Żwirek jest podłużny coś jak pellet z wyglądu.
Jak zaniose kota do kuwety to zrobi swoje często jedno i drugie od razu. Może mi ktoś powiedzieć co jest grane? Poza drapaniem podłogi czy kucaniem na co od razu reaguje nie siusia na podłodze ale zachowuje się jakby nie wiedziała gdzie ma iść.. 2dni to chyba dość czasu żeby zrozumiała gdzie kuweta stoi mieszkanie mamy 2 pokojowe więc nie jest to aż tak duża przestrzeń.
Dziękuje !

Blafouri

 
Posty: 1
Od: Nie maja 13, 2018 18:16

Post » Nie maja 13, 2018 18:38 Re: Trudne początki kuwetkowe.
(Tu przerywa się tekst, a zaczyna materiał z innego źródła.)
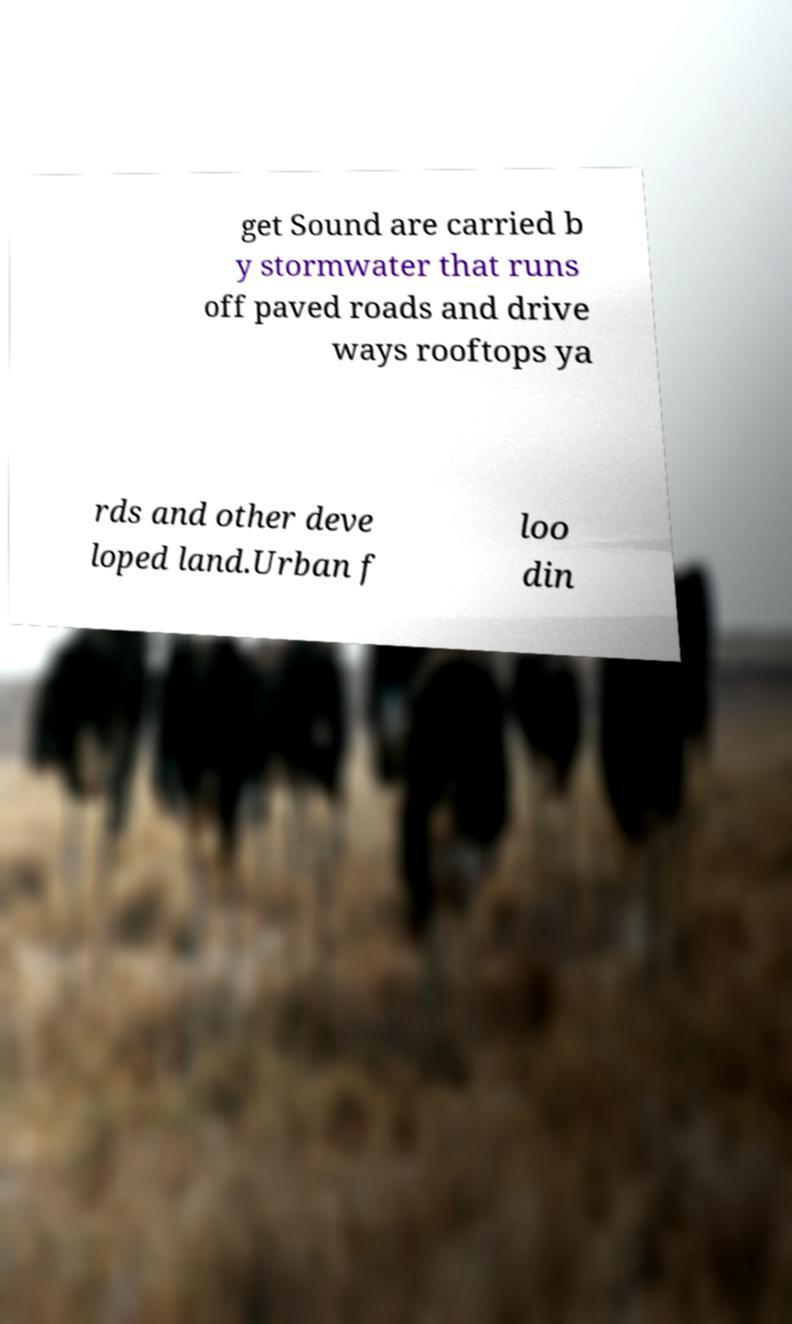Can you read and provide the text displayed in the image?This photo seems to have some interesting text. Can you extract and type it out for me? get Sound are carried b y stormwater that runs off paved roads and drive ways rooftops ya rds and other deve loped land.Urban f loo din 
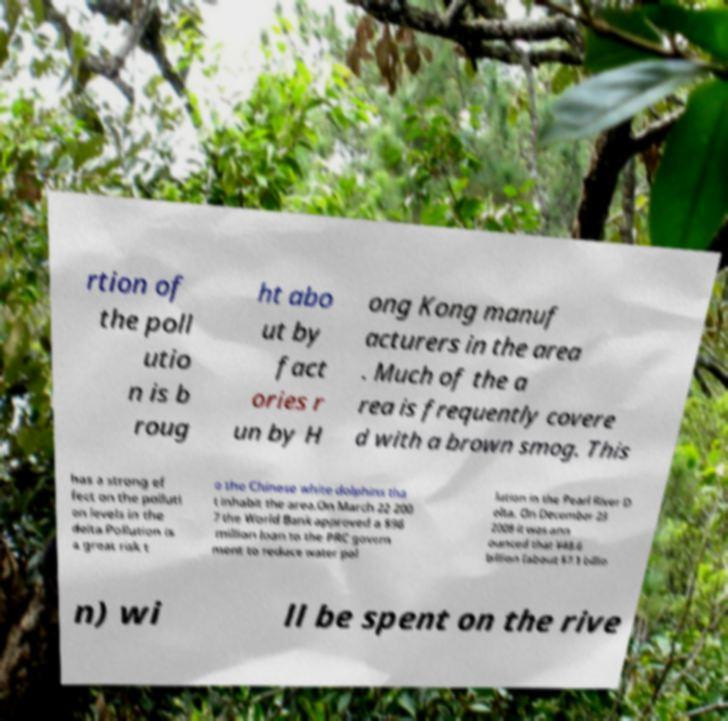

Moze lepszy bylby zwykly bentonitowy zwirek? Pewnie od razu zaskoczy :) Powodzenia :)
https://zrzutka.pl/bpfeke dla wojowniczki Fisi walczącej z FIP

kwiryna

Avatar użytkownika
 
Posty: 4234
Od: Sob lip 23, 2016 9:36
Lokalizacja: Warszawa mokotów

Post » Nie maja 13, 2018 20:14 Re: Trudne początki kuwetkowe.

Calkiem mozliwe ze to efekt zwirku.
Jesli nie pomoze rozwazylabym badnia krwi i moczu.
Załoga: Pixie, Nitka, Coco i Ćiorny oraz Dixie[*]
Kot Pixior i burasy zapraszają: https://www.facebook.com/PixieKotZCharakterem
Zbiórka hiltonka: https://pomagam.pl/hilton

PixieDixie

Avatar użytkownika
 
Posty: 9813
Od: Czw kwi 23, 2015 7:40
Lokalizacja: TG

Post » Nie maja 13, 2018 20:22 Re: Trudne początki kuwetkowe.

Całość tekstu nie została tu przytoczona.